A deflação é pior do que a inflação porque as taxas de juros só podem ser reduzidas a zero. Depois disso, os bancos centrais devem usar outras ferramentas. Mas enquanto as empresas e as pessoas se sentem menos ricas, elas gastam menos, reduzindo ainda mais a demanda. Eles não se importam se as taxas de juros são zero, porque eles não estão pegando emprestado de qualquer maneira. Há muita liquidez, mas não adianta. É como empurrar uma corda. Essa situação mortal é chamada de armadilha de liquidez . É uma espiral viciosa e descendente.

Os tempos raros quando a deflação é boa

Uma queda maciça e generalizada dos preços é sempre ruim para a economia. Mas a deflação em certas classes de ativos pode ser boa. Por exemplo, tem havido uma deflação contínua em bens de consumo, especialmente computadores e equipamentos eletrônicos.
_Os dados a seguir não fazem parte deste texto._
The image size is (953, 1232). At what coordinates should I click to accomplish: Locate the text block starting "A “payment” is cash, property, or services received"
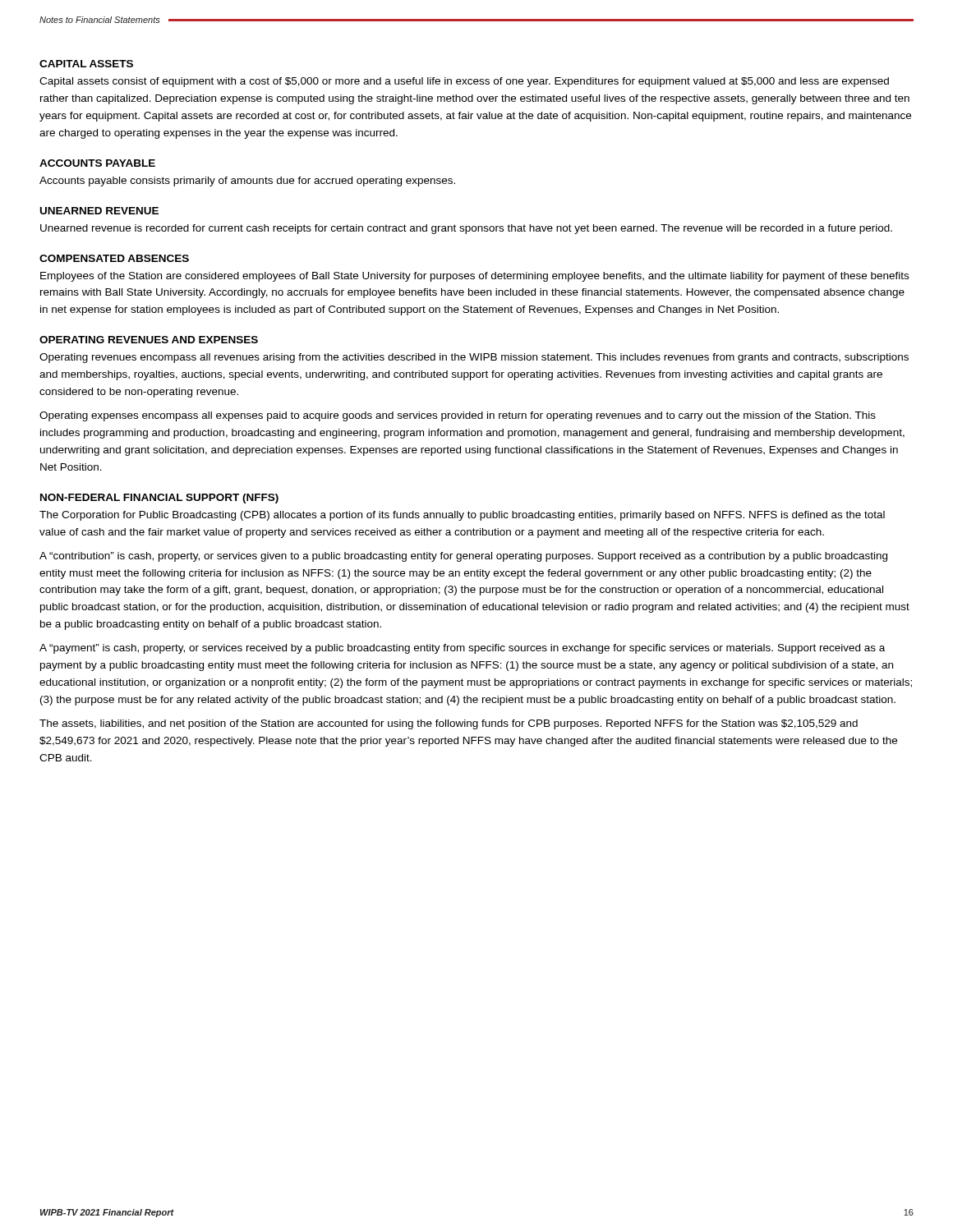[x=476, y=674]

Isso não é por causa da menor demanda, mas da inovação. No caso de bens de consumo, a produção foi transferida para a China , onde os salários são mais baixos. Esta é uma inovação na manufatura , que resulta em preços mais baixos para muitos bens de consumo. No caso dos computadores, os fabricantes encontram maneiras de tornar os componentes menores e mais poderosos pelo mesmo preço. Isso é inovação tecnológica. Isso mantém os fabricantes de computadores competitivos.

Japão: um exemplo moderno

A economia do Japão foi pega em uma espiral deflacionária nos últimos 30 anos. Tudo começou em 1989, quando o Banco do Japão elevou as taxas de juros e causou a explosão da bolha imobiliária. Durante essa década, a economia cresceu menos de 2% ao ano, à medida que as empresas cortaram dívidas e gastos. Como a cultura do Japão desencoraja as demissões dos funcionários, um excesso de trabalhadores diminuiu a produtividade. Os japoneses também são poupadores. Quando viram os sinais de recessão, pararam de gastar e pouparam recursos para os maus momentos.

Um estudo realizado por Daniel Okimoto na Universidade de Stanford identificou cinco outros fatores:

  1. O partido político no poder não tomou as medidas difíceis necessárias para estimular a economia.
  2. Os impostos foram levantados em 1997.
  3. Os bancos mantinham empréstimos ruins em seus livros. Essa prática atrelou o capital necessário para investir no crescimento.
  4. O carry carry do iene manteve o valor da moeda do Japão em alta em relação ao dólar e outras moedas globais. O Banco do Japão tentou criar inflação baixando as taxas de juros. Mas os comerciantes se aproveitaram da situação tomando emprestado ienes mais barato e investindo em moedas com um retorno maior.
  5. O governo japonês gastou muito, comprando dólares para combater o carry trade do iene. Isso criou uma dívida de 200% com relação ao produto interno bruto , o que deprimiu ainda mais as expectativas de crescimento econômico.